Она оживилась. Ее глаза выражали благородную нежность, которой я в ней не знал. Забыв, где мы находимся, забыв свое минутное восхищение преступлениями и свою кровавую экзальтацию, она говорила:
Везде, где надо оправдать пролитую кровь, осветить разбой, благословить насилие, покровительствовать гнусной торговле, — можешь быть вполне уверен, что встретишь его, этого британского Тартюфа, под видом религиозного распространения или научного изучения продолжающего дело чудовищного завоевания. Его хитрая и свирепая тень вырисовывается на скорби побежденных народов вместе с тенью солдата-душегуба и Шейлока-ростовщика. В девственных лесах, где европейцы действительно опаснее тигра, на пороге убогой разоренной хижины, посреди обгоревших развалин, он появляется после убийства, как вечером в день битвы мародер, обирающий мертвых. Впрочем, он вполне подходит к своему конкуренту, католическому миссионеру, несущему цивилизацию тоже при помощи факелов, при помощи сабель и ружей. Увы! Китай наполнен, раздирается этими двумя бичами. Через несколько лет ничего не останется от этой чудесной страны, где мне так нравится жить!
Вдруг она встала и воскликнула:
— А колокол-то, мои милый! Колокола больше не слышно. Ах! Боже, он умер! Пока мы сидели здесь, разговаривали, его, несомненно, уже стащили на свалку. И мы его не увидим! Это — твоя вина.

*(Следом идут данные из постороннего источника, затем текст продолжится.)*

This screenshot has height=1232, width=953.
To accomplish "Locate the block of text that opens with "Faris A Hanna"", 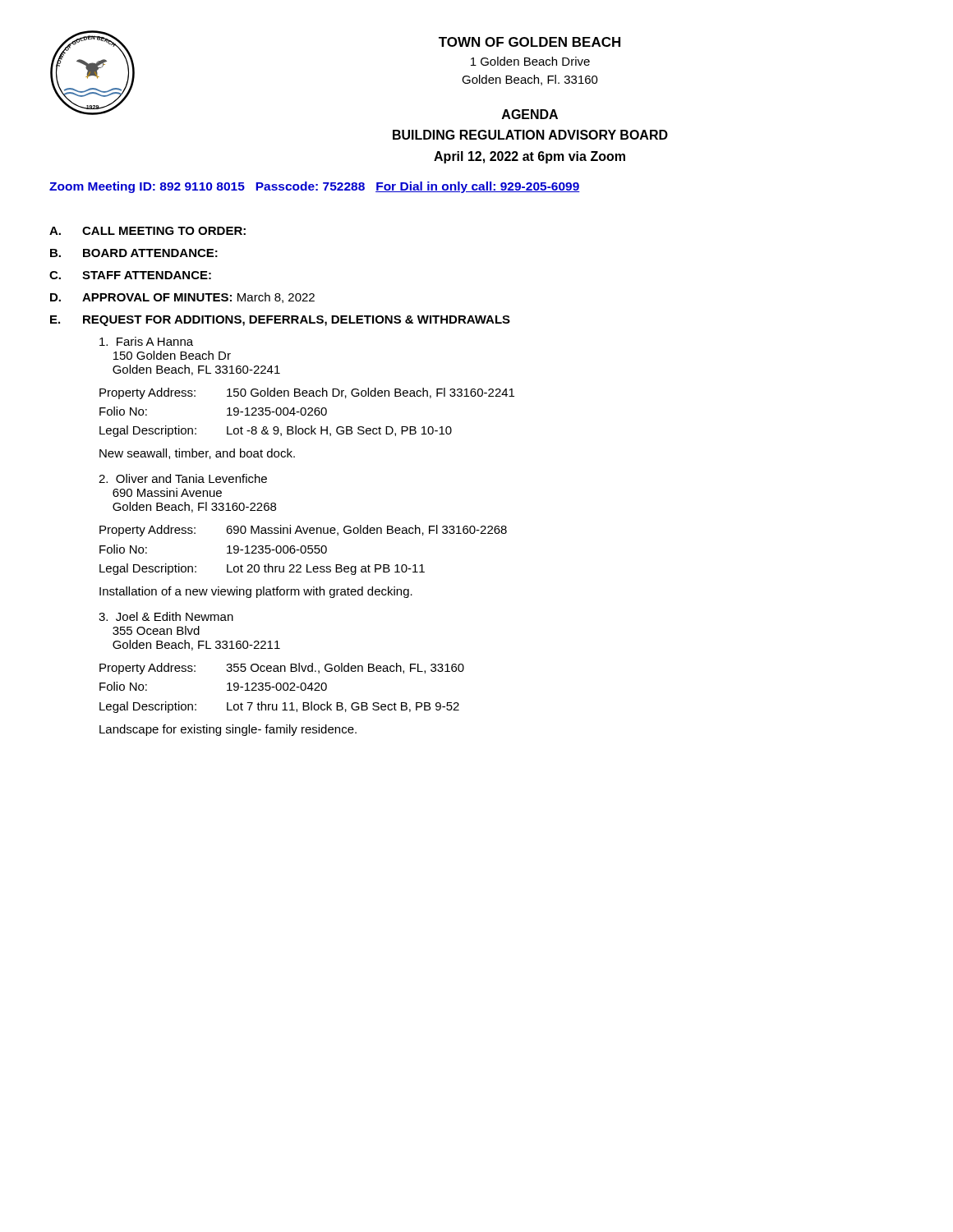I will click(189, 355).

Она принудила меня подняться с лавки.
— Скорее, скорее, милый!
— Никто за нами не гонится, дорогая Клара. Мы и так всегда много видели ужасов. Рассказывай мне опять, как ты только что рассказывала, когда мне так нравился твой голос, когда мне так нравились твои глаза!
Она потеряла терпение.
— Скорее! Скорее! Ты не знаешь, что говоришь.
Ее глаза сделались суровыми, голос дрожал, рот принял непреклонное суровое и чувственное выражение. Мне показалось, что сам Будда теперь от злого солнца сделал насмешливое лицо палача. И я увидел там, внизу, по аллее между лужайками, удаляющуюся девушку с цветами. Но желтое платье было совсем тонким, легким и блестящим, как цветок нарцисса.
Аллея, по которой мы шли, была обсажена персиковыми, вишневыми, айвовыми, миндальными деревьями, одни из которых были карликовые и подстриженные странными формами, другие, свободные, были разбросаны группами и простирали во все стороны свои длинные ветви, отягощенные цветами.